Athena shook her head. "Believe me sir, any child born from a Cylon before now would have been big news. The Cylons believe that Hera is some type of...miracle. If a child had been born from a Cylon before now, there's no way they'd have left it alone."

"Even if the father had been Cylon?" Cottle asked. "Possibly a sleeper agent? Would the Cylons have known then?"

Athen nodded. "They would have. Sleeper Agents are part of the collective conscious. It's a fairly limited flow of data, but still part of the whole. The Cylons collect what information they can, and send programming to the sleepers. Even if a sleeper Cylon managed to father a child, the collective would know."

"Assuming that the father knew," Adama mused softly.

Athena glanced at him in confusion. The conversation had taken a turn from being what she'd thought of as hypothetical to something far more serious. The timing of the questioning wasn't coincidental either, which could only mean one thing...

"This is about Starbuck, isn't it?" Athena asked.

Adama glanced at her sharply. The former Cylon looked at him in all innocence.

"She's been back for a few hours now, I'm surprised no one came to see me earlier, to ask if she was Cylon. To the best of my knowledge she isn't. We can feel other Cylons close by, and Starbuck's never felt like a Cylon to me. Then again, there are still five models that we know nothing about, so...who knows if I'd be able to tell properly."

"She's not a Cylon," Cottle broke in. "But Leoben's DNA came back as a close enough match to be her father."

Athena was stunned. "Leoben?"

Adama nodded. "It would certainly explain a few things about why he's been so obsessed with her. He knew things about her that he had no right knowing. Things that Starbuck had never told anyone before. And he knew."

The former Cylon took a shaky breath, looking over every interaction she'd had with both Leoben and Kara, wondering if she should have picked up on the nature of the relationship. She'd thought it had been entirely different.

"If that's true...it could explain why the seven models are so obsessed with her. Why they think she has a destiny. Every Cylon model agreed that Hera was special. If Kara is a human-born cylon child then...everything changes."

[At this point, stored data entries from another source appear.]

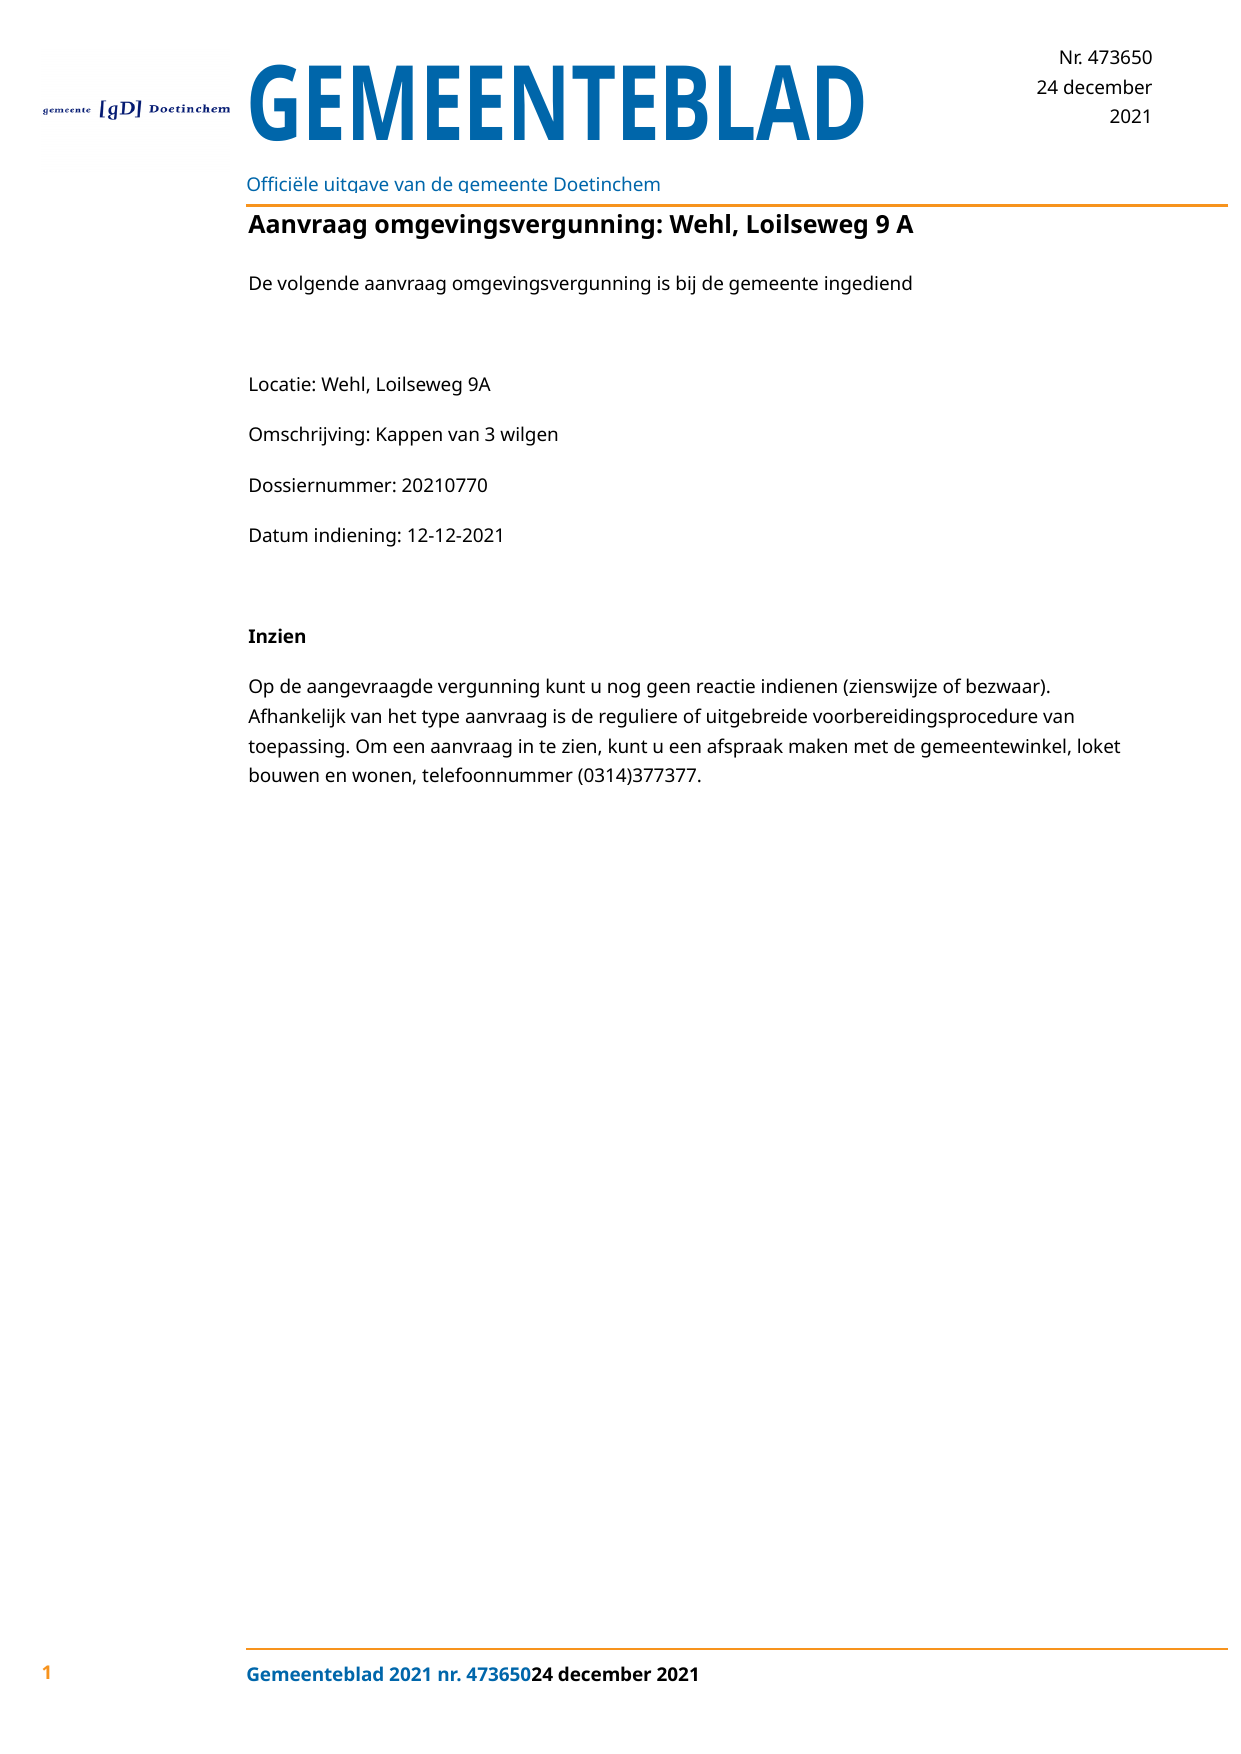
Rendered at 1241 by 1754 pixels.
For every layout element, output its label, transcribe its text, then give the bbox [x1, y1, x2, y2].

text Datum indiening: 12-12-2021 [248, 522, 1152, 548]
text Omschrijving: Kappen van 3 wilgen [248, 422, 1152, 447]
text Op de aangevraagde vergunning kunt u nog geen reactie indienen (zienswijze of bezwaar). Afhankelijk van het type aanvraag is de reguliere of uitgebreide voorbereidingsprocedure van toepassing. Om een aanvraag in te zien, kunt u een afspraak maken met de gemeentewinkel, loket bouwen en wonen, telefoonnummer (0314)377377. [248, 674, 1152, 788]
text De volgende aanvraag omgevingsvergunning is bij de gemeente ingediend [248, 270, 1152, 296]
picture [41, 47, 231, 172]
text Locatie: Wehl, Loilseweg 9A [248, 371, 1152, 397]
text Inzien [248, 623, 1152, 649]
text Dossiernummer: 20210770 [248, 472, 1152, 498]
text Aanvraag omgevingsvergunning: Wehl, Loilseweg 9 A [248, 207, 1152, 241]

"So you didn't know about this?" Adama asked.

"I swear to you, sir, I swear on Hera's life, I had no idea that Leoben was Kara's father."

Adama was silent for a moment, before he nodded his belief. Athena sighed softly, relieved that his trust in her hadn't diminished. She'd worked too hard to gain it back.

"So what happens now?" Adama asked. "Kara's not completely human...she's claiming to know the way to earth. Should we just believe that?"

Athena closed her eyes for a moment, concentrating on something that only she could see. Her eyelids moved rapidly, as though she was reading with her eyes closed. Adama watched in silence, and Cottle twitched impatiently.

Athena's eyes snapped open, and she looked to the Admiral.

"I don't know if you should or not...but the Cylons know she's back. They know we thought she was dead, they thought so too. They know that she has a destiny, but they don't know what. Leoben hasn't shared his thoughts about why Kara is so important. They just know that she is, and they want her."

"Are you saying that she may actually know how to get to Earth?" Adama asked.

"I'm saying that we shouldn't discount the possibility. We can't let the Cylons get their hands on her. If she knows the way to Earth..." Athena trailed off, letting Adama's imagination fill in the rest.

It had been his mission to keep the Cylons away from the Colonies. Failing that, he could at least keep the Cylons away from the Thirteenth Tribe. Keeping them away from kara Thrace should at least be a slightly easier task than eliminating the Cylon threat completely.

"So the Cylons believe that she knows where Earth is," Adama said.

"They do. Which makes me think that she's not lying. The Cylons don't believe things on a whim. They're logical and thorough. They believe in Kara Thrace, and they believe she knows about Earth," Athena said.

"And if the Cylons believe it...we should too. Alright. Kara says she knows the way...let's test that theory."

END

(Yes, it is the end. No there's no more. It's a theory of why Leoben is so obsessed with Kara, and why she's so important. Anyway...just thought I'd throw the idea out there.)